To this day, there are people in my life that I lost a long time ago. They cared about me. They showed me love and compassion. Even when they could no longer do as much, they still told me stories and made me feel special.
Sometimes I think that the rain is them showing their sadness along with those who others have lost. The sadness that trauma survivors have to go through so much just to make it through the day. Maybe even the sadness that they could not do anything to stop it:
It was not their place to stop it. They did not know what to even stop. There was always an excuse for everything.
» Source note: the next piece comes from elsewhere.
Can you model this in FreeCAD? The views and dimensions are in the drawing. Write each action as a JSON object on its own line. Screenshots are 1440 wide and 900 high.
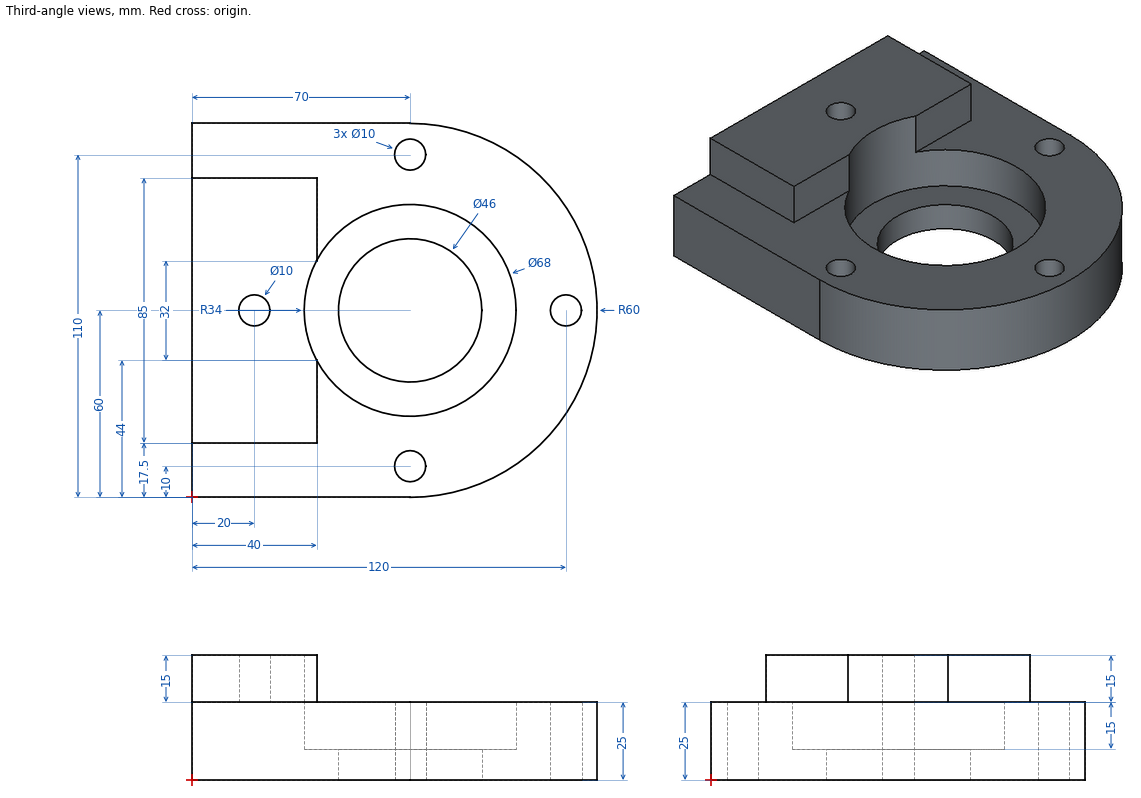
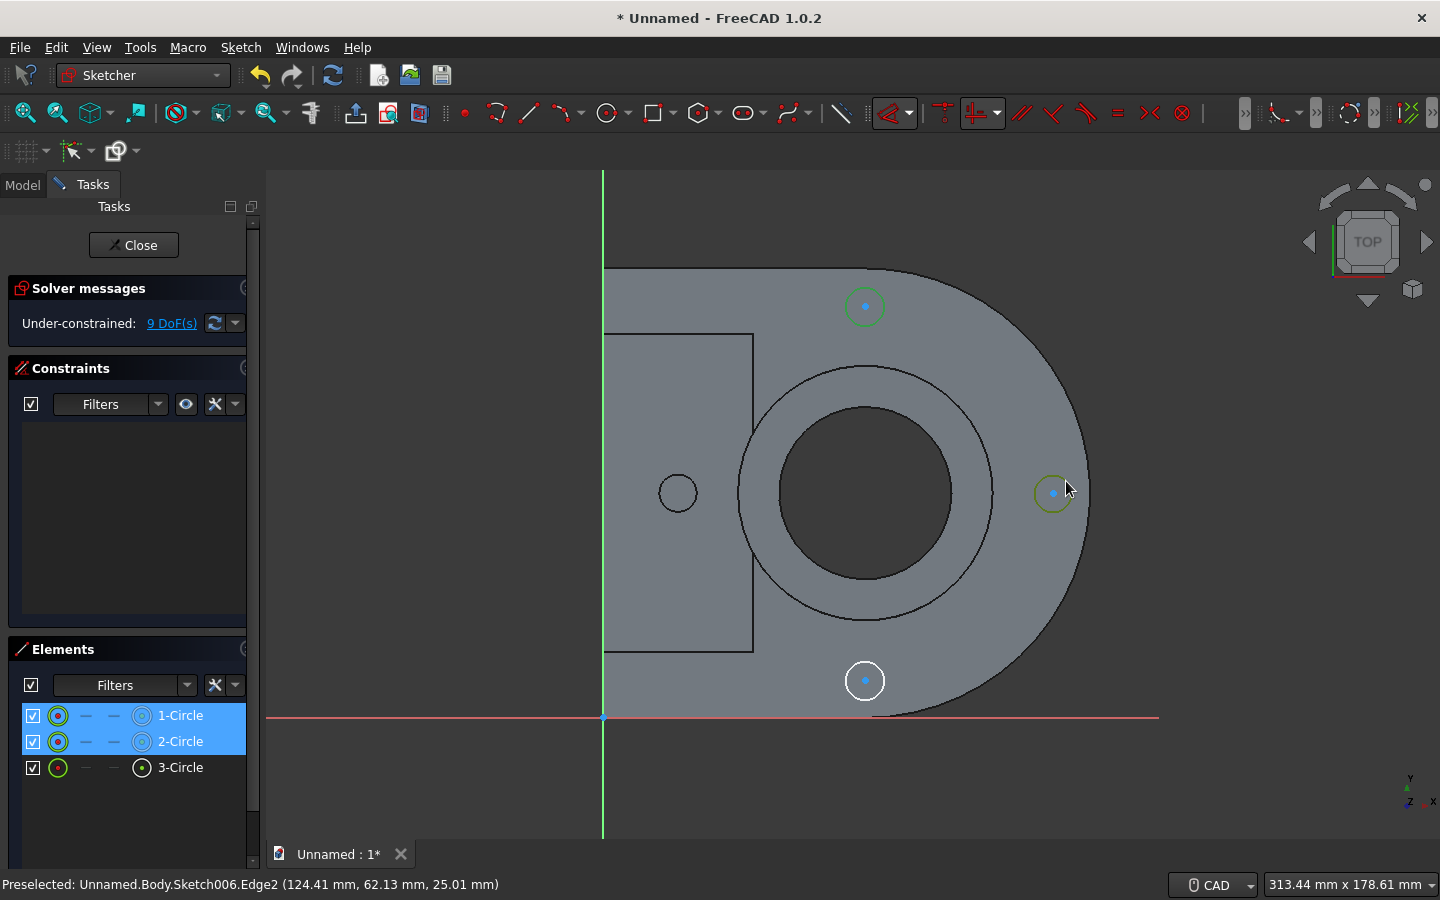
{"action": "left_click", "coordinate": [878, 667]}

As I am writing this the rain is getting stronger. Maybe there are some people that will always be on my side. Just a thought.
My kids are growing up so quickly. Sometimes I do not even realize how much until I look at photos. At other times it is right in front of me. They do not want to socialize with people they do not know or they hate school and do not want to do their work. They want their hair and shoes to be the latest style. Their interests are starting to peak out in the form of the shows they watch and the web sites that they go on.
My daughter just went through puberty education. She would have rather skipped it and done something else. All three kids feel that they know everything and will tell me all about it.
This all makes me think back to when I was a teenager. My mother did not care about name brands. I was lucky to have clothes on my back. I was being told that my parents did not want me by my parents. At school, I was bullied relentlessly.
My mom made out like my 11th birthday did not exist. I could not do anything right. No matter how many awards or A’s that I got it was not enough. I could not live up to their standards.
These were the same years that I decided that I was not going to be like them. I was not going to ridicule and beat my children. I would be there for my kids if I ever had any. The abuse was going to stop. Another generation was not going to have to endure what I did and what my parents did before me.
That is one promise I have kept for going on thirty years. My kids come to me and talk about what is bothering them. I never could have done that. Even though I know that things are not perfect for them and they are upset by the divorce until this day, they have an outlet. Therapy is ok. Feelings are ok.